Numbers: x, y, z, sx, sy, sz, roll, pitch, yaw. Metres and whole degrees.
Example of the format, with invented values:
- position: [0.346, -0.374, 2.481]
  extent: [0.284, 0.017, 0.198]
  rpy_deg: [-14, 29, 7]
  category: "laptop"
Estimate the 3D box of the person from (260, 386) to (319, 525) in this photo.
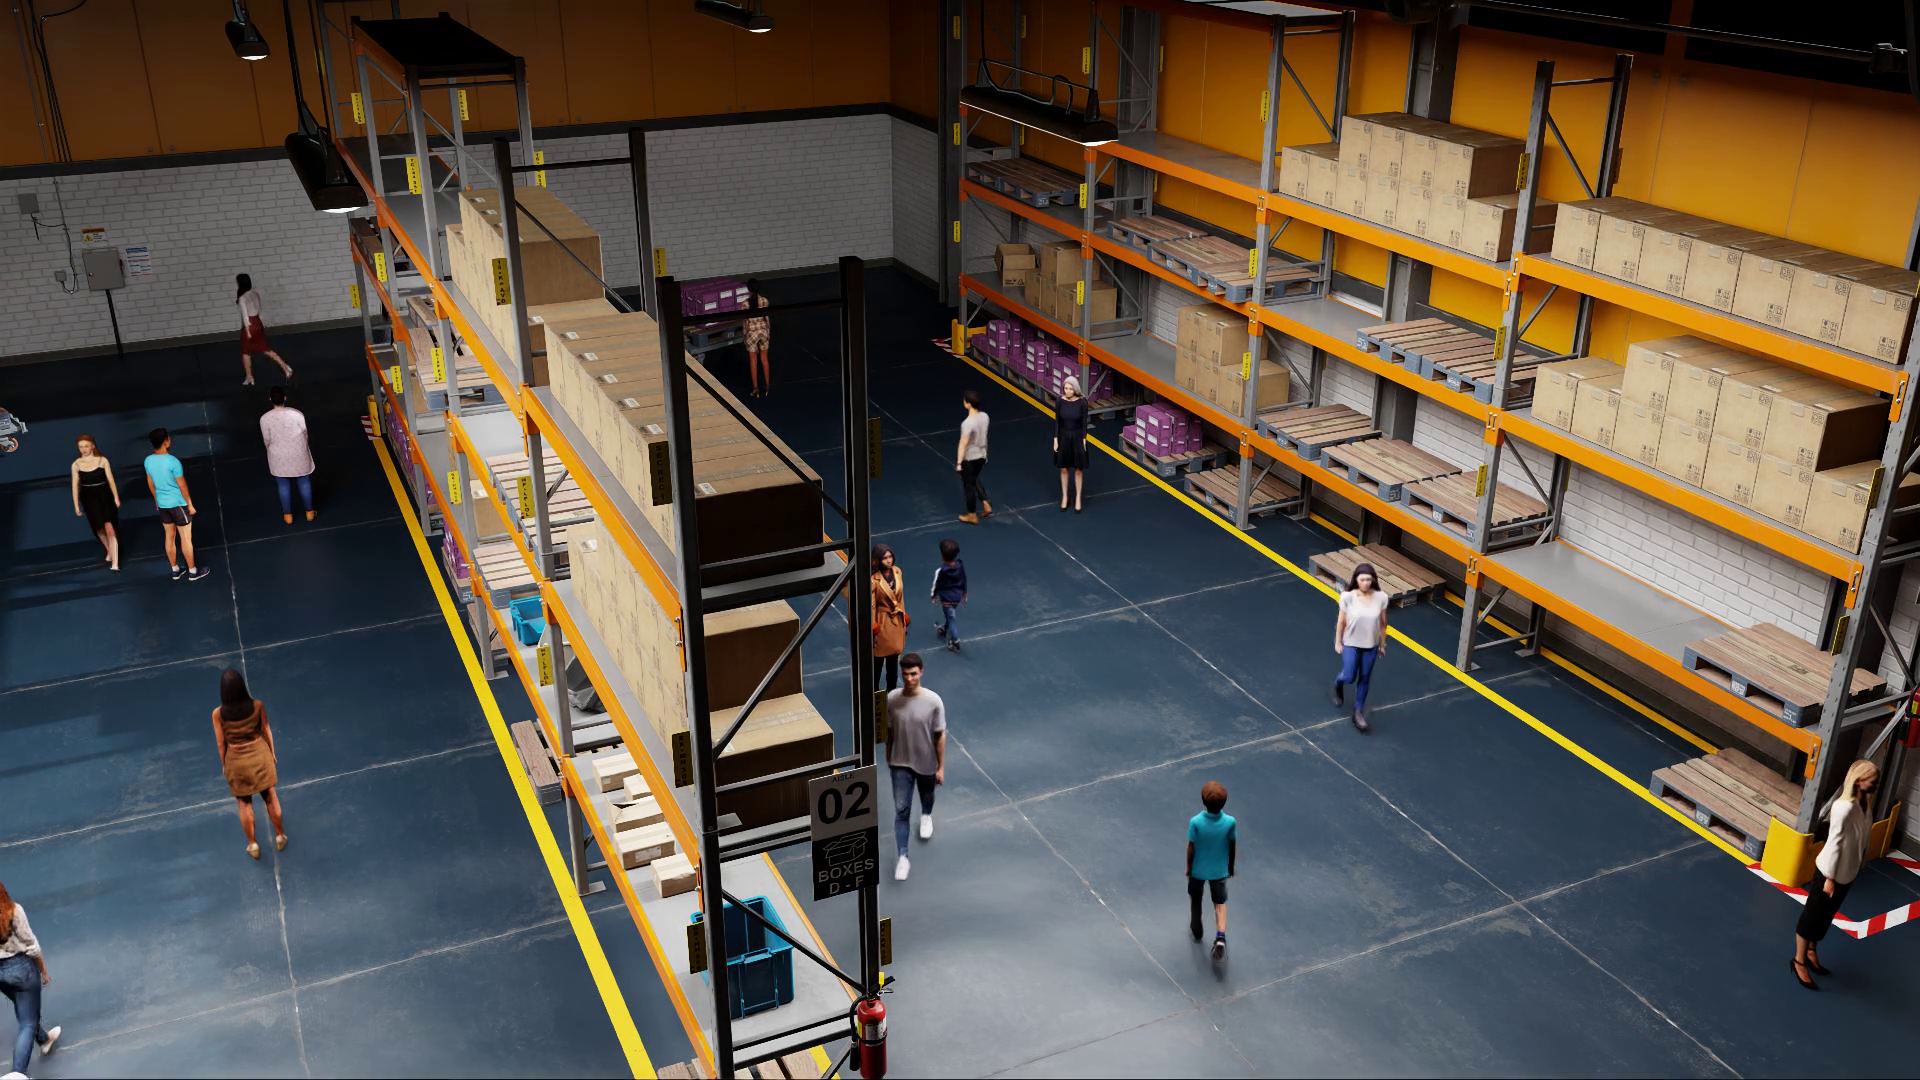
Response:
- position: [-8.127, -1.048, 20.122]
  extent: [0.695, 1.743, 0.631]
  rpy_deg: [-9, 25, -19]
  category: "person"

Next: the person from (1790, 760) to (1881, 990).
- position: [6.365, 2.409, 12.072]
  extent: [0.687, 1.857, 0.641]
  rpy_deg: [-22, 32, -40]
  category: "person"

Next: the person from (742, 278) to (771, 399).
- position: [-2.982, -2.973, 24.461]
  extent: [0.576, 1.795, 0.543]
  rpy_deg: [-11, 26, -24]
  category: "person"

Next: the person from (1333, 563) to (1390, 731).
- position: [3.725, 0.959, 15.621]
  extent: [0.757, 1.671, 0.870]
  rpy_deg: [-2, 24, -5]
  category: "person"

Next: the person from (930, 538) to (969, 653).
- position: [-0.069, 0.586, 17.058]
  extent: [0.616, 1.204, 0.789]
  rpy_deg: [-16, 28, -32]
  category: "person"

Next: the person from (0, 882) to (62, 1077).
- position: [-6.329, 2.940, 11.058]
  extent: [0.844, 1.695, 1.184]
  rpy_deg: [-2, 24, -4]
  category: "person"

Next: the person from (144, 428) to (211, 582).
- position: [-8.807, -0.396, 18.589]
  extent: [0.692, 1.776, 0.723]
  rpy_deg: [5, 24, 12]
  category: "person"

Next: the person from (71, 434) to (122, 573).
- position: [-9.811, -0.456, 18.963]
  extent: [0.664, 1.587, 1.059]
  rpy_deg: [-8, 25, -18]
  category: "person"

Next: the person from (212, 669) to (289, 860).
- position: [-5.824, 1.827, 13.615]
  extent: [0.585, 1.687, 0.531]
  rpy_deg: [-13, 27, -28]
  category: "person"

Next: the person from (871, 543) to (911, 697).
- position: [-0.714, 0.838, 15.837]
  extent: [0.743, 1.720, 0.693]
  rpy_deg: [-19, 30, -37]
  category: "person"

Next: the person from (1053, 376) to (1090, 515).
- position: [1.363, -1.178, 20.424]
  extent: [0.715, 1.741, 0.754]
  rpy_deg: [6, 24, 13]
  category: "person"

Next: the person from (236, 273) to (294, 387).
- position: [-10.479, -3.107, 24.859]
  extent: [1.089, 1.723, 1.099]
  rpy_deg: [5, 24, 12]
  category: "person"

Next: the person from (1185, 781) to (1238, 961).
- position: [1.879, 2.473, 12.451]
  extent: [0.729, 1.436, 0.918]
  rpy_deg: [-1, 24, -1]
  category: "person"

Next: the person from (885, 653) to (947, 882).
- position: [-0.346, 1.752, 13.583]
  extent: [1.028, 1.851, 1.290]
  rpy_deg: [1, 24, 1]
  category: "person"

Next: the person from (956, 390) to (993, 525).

What to work on
Drop the pictures, then write out everything else in the records exactly.

Response to the exercise
Numbers: x, y, z, sx, sy, sz, roll, pitch, yaw. Metres and whole degrees.
Example of the format, with invented values:
- position: [0.346, -0.374, 2.481]
  extent: [0.284, 0.017, 0.198]
  rpy_deg: [-14, 29, 7]
  category: "laptop"
Estimate the 3D box of the person from (260, 386) to (319, 525) in this photo.
Response:
- position: [-8.127, -1.048, 20.122]
  extent: [0.695, 1.743, 0.631]
  rpy_deg: [-9, 25, -19]
  category: "person"

Next: the person from (1790, 760) to (1881, 990).
- position: [6.365, 2.409, 12.072]
  extent: [0.687, 1.857, 0.641]
  rpy_deg: [-22, 32, -40]
  category: "person"

Next: the person from (742, 278) to (771, 399).
- position: [-2.982, -2.973, 24.461]
  extent: [0.576, 1.795, 0.543]
  rpy_deg: [-11, 26, -24]
  category: "person"

Next: the person from (1333, 563) to (1390, 731).
- position: [3.725, 0.959, 15.621]
  extent: [0.757, 1.671, 0.870]
  rpy_deg: [-2, 24, -5]
  category: "person"

Next: the person from (930, 538) to (969, 653).
- position: [-0.069, 0.586, 17.058]
  extent: [0.616, 1.204, 0.789]
  rpy_deg: [-16, 28, -32]
  category: "person"

Next: the person from (0, 882) to (62, 1077).
- position: [-6.329, 2.940, 11.058]
  extent: [0.844, 1.695, 1.184]
  rpy_deg: [-2, 24, -4]
  category: "person"

Next: the person from (144, 428) to (211, 582).
- position: [-8.807, -0.396, 18.589]
  extent: [0.692, 1.776, 0.723]
  rpy_deg: [5, 24, 12]
  category: "person"

Next: the person from (71, 434) to (122, 573).
- position: [-9.811, -0.456, 18.963]
  extent: [0.664, 1.587, 1.059]
  rpy_deg: [-8, 25, -18]
  category: "person"

Next: the person from (212, 669) to (289, 860).
- position: [-5.824, 1.827, 13.615]
  extent: [0.585, 1.687, 0.531]
  rpy_deg: [-13, 27, -28]
  category: "person"

Next: the person from (871, 543) to (911, 697).
- position: [-0.714, 0.838, 15.837]
  extent: [0.743, 1.720, 0.693]
  rpy_deg: [-19, 30, -37]
  category: "person"

Next: the person from (1053, 376) to (1090, 515).
- position: [1.363, -1.178, 20.424]
  extent: [0.715, 1.741, 0.754]
  rpy_deg: [6, 24, 13]
  category: "person"

Next: the person from (236, 273) to (294, 387).
- position: [-10.479, -3.107, 24.859]
  extent: [1.089, 1.723, 1.099]
  rpy_deg: [5, 24, 12]
  category: "person"

Next: the person from (1185, 781) to (1238, 961).
- position: [1.879, 2.473, 12.451]
  extent: [0.729, 1.436, 0.918]
  rpy_deg: [-1, 24, -1]
  category: "person"

Next: the person from (885, 653) to (947, 882).
- position: [-0.346, 1.752, 13.583]
  extent: [1.028, 1.851, 1.290]
  rpy_deg: [1, 24, 1]
  category: "person"

Next: the person from (956, 390) to (993, 525).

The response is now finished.